- _Work item_: Starting with the first line of the material, reproduce exactly each line up to and including the one that contains "14) pedestrian [535,549,557,588]", leaving out every picture.

- _Exercise data_:
━━━━━━━━

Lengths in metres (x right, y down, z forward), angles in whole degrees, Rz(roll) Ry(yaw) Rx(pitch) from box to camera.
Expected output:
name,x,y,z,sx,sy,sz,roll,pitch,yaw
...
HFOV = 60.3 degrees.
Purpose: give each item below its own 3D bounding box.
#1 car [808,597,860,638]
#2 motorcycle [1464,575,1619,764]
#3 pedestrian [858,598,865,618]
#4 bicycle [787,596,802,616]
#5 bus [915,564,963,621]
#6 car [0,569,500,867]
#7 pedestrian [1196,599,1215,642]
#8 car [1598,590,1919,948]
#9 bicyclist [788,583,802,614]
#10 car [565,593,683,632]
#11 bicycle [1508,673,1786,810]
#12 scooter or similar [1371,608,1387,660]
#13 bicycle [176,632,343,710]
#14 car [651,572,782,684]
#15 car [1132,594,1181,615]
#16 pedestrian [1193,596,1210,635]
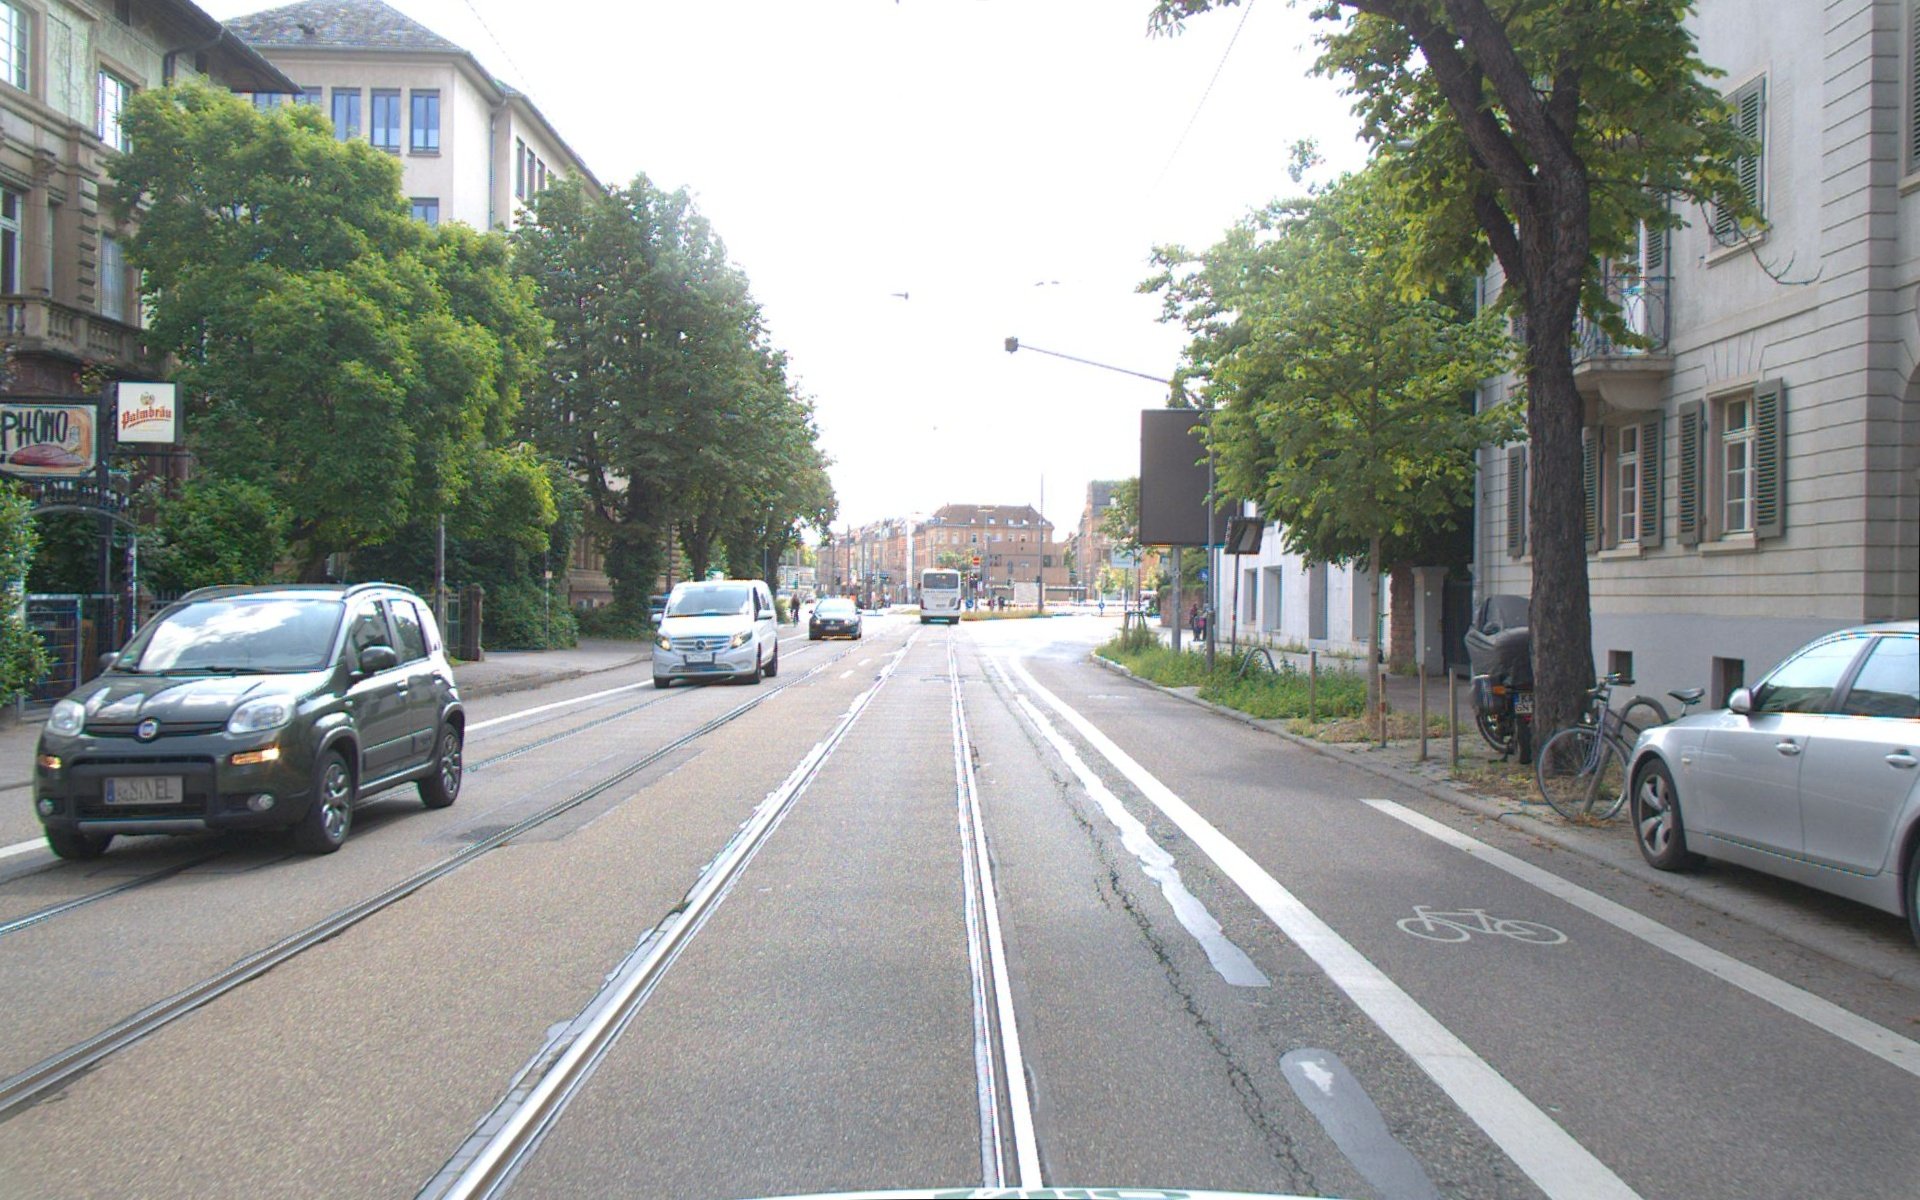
name,x,y,z,sx,sy,sz,roll,pitch,yaw
car,-4.548,0.610,60.223,1.654,1.426,3.930,0,0,-1
motorcycle,5.246,0.575,15.081,0.959,1.569,2.442,0,0,11
pedestrian,-9.308,0.736,156.576,0.598,1.918,0.794,0,0,0
bicycle,-8.527,0.302,85.397,0.685,1.035,1.818,-1,0,-4
bus,-1.383,-0.450,106.962,2.859,3.386,12.202,2,0,-1
car,-4.328,0.644,10.757,1.598,1.584,3.821,0,0,0
pedestrian,10.128,0.851,68.274,0.671,1.754,0.747,-1,1,-1
car,4.909,0.720,8.094,1.672,1.524,4.788,0,0,-1
bicyclist,-8.530,-0.086,85.399,0.677,1.546,0.867,-1,0,-4
car,-13.030,0.478,64.118,4.179,1.472,1.777,0,0,-28
bicycle,4.975,1.015,12.051,1.739,0.918,0.692,0,0,2
scooter or similar,9.827,0.783,38.782,0.315,1.202,1.149,0,0,12
bicycle,-10.042,0.990,23.896,1.119,0.924,2.988,4,0,-1
car,-4.516,0.481,31.392,1.859,1.940,5.382,0,0,-2
car,17.220,0.437,145.133,4.067,1.713,2.105,1,1,-42
pedestrian,10.172,0.649,69.696,0.510,1.608,0.547,-1,1,-10
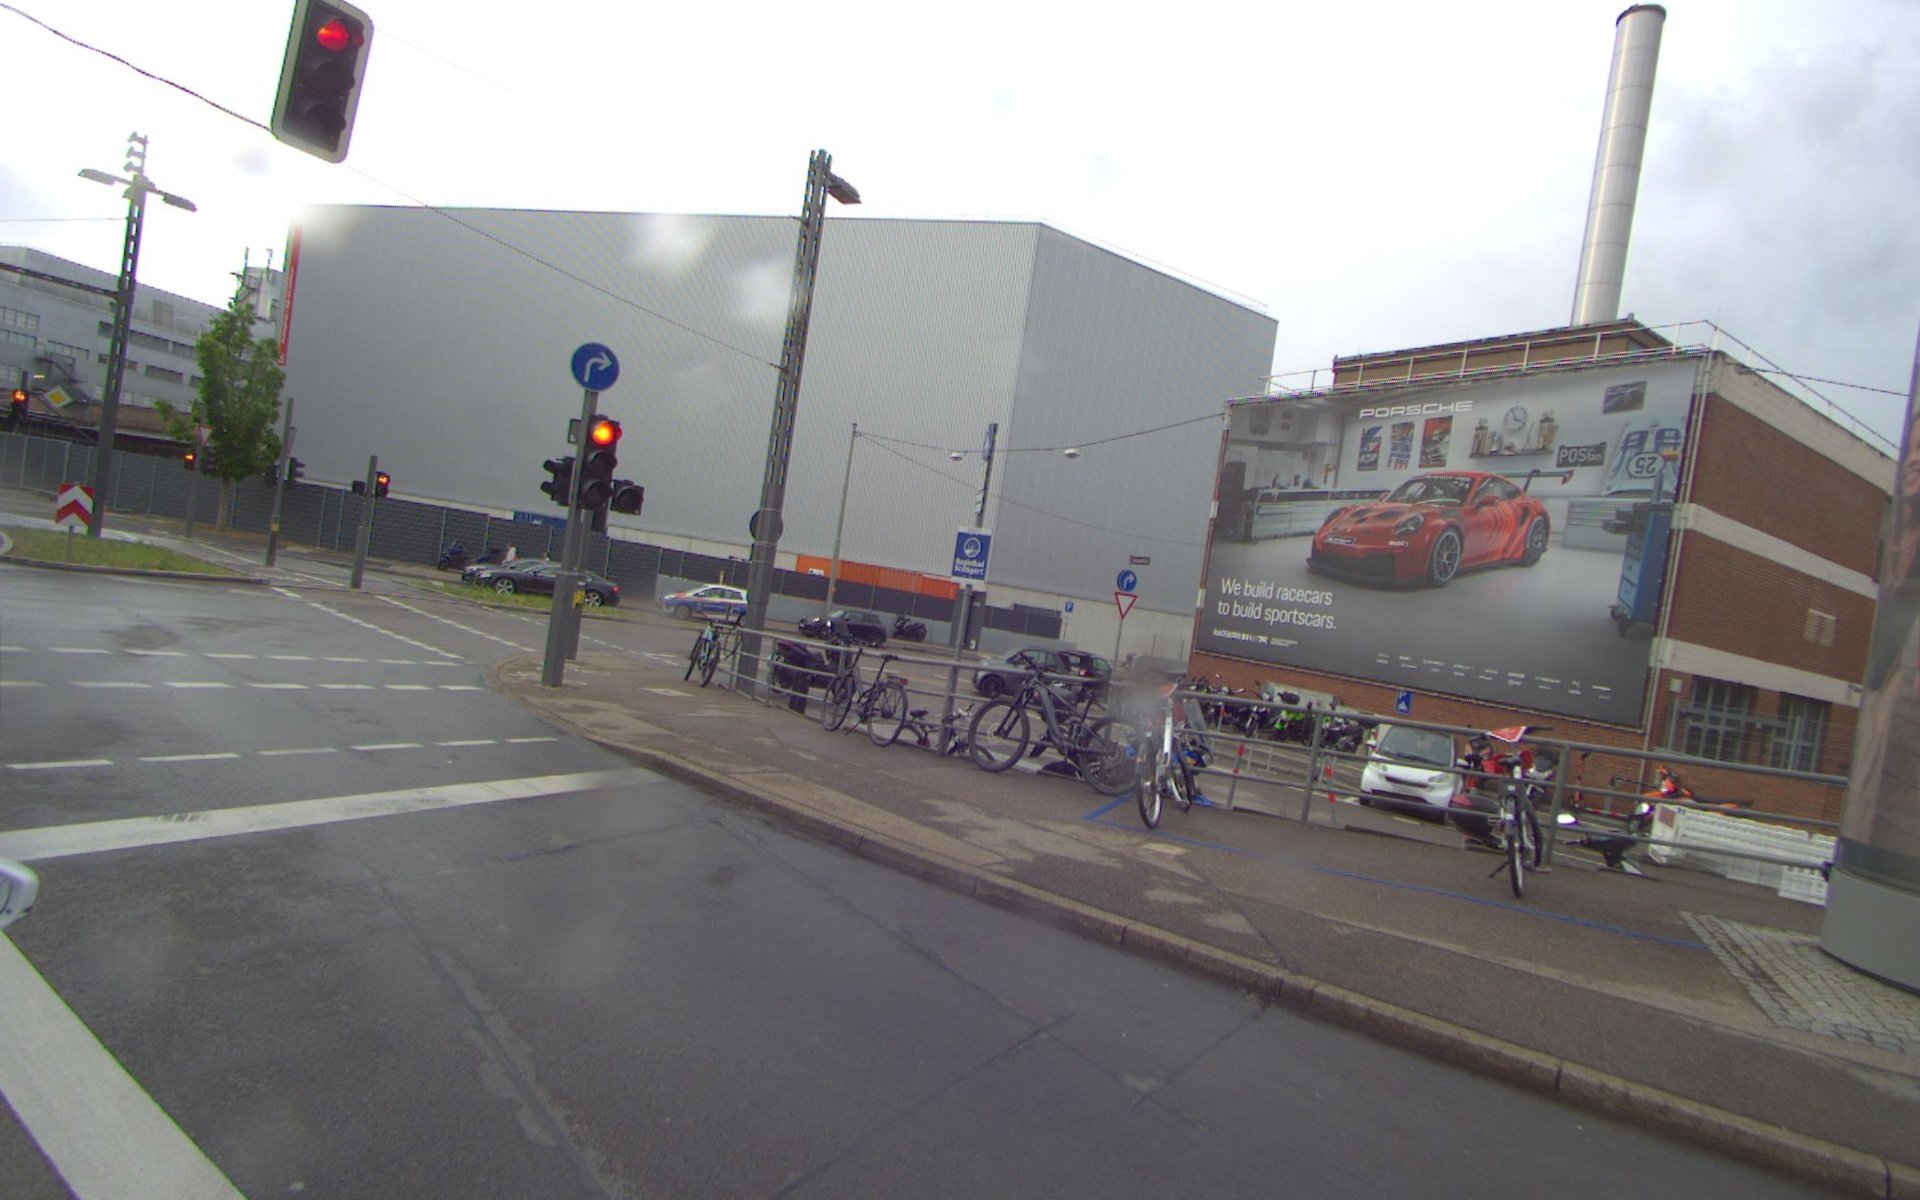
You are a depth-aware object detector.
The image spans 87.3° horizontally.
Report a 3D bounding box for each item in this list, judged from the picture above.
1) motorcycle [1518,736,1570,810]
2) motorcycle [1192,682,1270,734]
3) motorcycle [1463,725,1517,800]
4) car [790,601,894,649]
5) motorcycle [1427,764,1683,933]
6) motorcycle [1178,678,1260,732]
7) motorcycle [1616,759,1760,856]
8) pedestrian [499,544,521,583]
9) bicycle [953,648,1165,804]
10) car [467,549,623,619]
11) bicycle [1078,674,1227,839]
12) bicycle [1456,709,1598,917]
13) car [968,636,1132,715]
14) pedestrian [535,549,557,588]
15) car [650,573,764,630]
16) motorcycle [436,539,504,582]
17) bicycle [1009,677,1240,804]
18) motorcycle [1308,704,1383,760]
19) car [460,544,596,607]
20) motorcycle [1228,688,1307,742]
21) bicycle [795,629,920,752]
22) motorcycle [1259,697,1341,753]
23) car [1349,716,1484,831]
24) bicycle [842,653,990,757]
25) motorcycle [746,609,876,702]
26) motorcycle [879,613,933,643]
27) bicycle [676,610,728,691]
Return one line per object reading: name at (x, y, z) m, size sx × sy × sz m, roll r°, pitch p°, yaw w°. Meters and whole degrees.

━━━━━━━━

- _Your solution_:
Lengths in metres (x right, y down, z forward), angles in whole degrees, Rz(roll) Ry(yaw) Rx(pitch) from box to camera.
Expected output:
name,x,y,z,sx,sy,sz,roll,pitch,yaw
...
HFOV = 60.3 degrees.
Purpose: give each item below its own 3D bounding box.
#1 car [808,597,860,638]
#2 motorcycle [1464,575,1619,764]
#3 pedestrian [858,598,865,618]
#4 bicycle [787,596,802,616]
#5 bus [915,564,963,621]
#6 car [0,569,500,867]
#7 pedestrian [1196,599,1215,642]
#8 car [1598,590,1919,948]
#9 bicyclist [788,583,802,614]
#10 car [565,593,683,632]
#11 bicycle [1508,673,1786,810]
#12 scooter or similar [1371,608,1387,660]
#13 bicycle [176,632,343,710]
#14 car [651,572,782,684]
#15 car [1132,594,1181,615]
#16 pedestrian [1193,596,1210,635]
name,x,y,z,sx,sy,sz,roll,pitch,yaw
car,-4.548,0.610,60.223,1.654,1.426,3.930,0,0,-1
motorcycle,5.246,0.575,15.081,0.959,1.569,2.442,0,0,11
pedestrian,-9.308,0.736,156.576,0.598,1.918,0.794,0,0,0
bicycle,-8.527,0.302,85.397,0.685,1.035,1.818,-1,0,-4
bus,-1.383,-0.450,106.962,2.859,3.386,12.202,2,0,-1
car,-4.328,0.644,10.757,1.598,1.584,3.821,0,0,0
pedestrian,10.128,0.851,68.274,0.671,1.754,0.747,-1,1,-1
car,4.909,0.720,8.094,1.672,1.524,4.788,0,0,-1
bicyclist,-8.530,-0.086,85.399,0.677,1.546,0.867,-1,0,-4
car,-13.030,0.478,64.118,4.179,1.472,1.777,0,0,-28
bicycle,4.975,1.015,12.051,1.739,0.918,0.692,0,0,2
scooter or similar,9.827,0.783,38.782,0.315,1.202,1.149,0,0,12
bicycle,-10.042,0.990,23.896,1.119,0.924,2.988,4,0,-1
car,-4.516,0.481,31.392,1.859,1.940,5.382,0,0,-2
car,17.220,0.437,145.133,4.067,1.713,2.105,1,1,-42
pedestrian,10.172,0.649,69.696,0.510,1.608,0.547,-1,1,-10
You are a depth-aware object detector.
The image spans 87.3° horizontally.
Report a 3D bounding box for each item in this list, judged from the picture above.
1) motorcycle [1518,736,1570,810]
2) motorcycle [1192,682,1270,734]
3) motorcycle [1463,725,1517,800]
4) car [790,601,894,649]
5) motorcycle [1427,764,1683,933]
6) motorcycle [1178,678,1260,732]
7) motorcycle [1616,759,1760,856]
8) pedestrian [499,544,521,583]
9) bicycle [953,648,1165,804]
10) car [467,549,623,619]
11) bicycle [1078,674,1227,839]
12) bicycle [1456,709,1598,917]
13) car [968,636,1132,715]
14) pedestrian [535,549,557,588]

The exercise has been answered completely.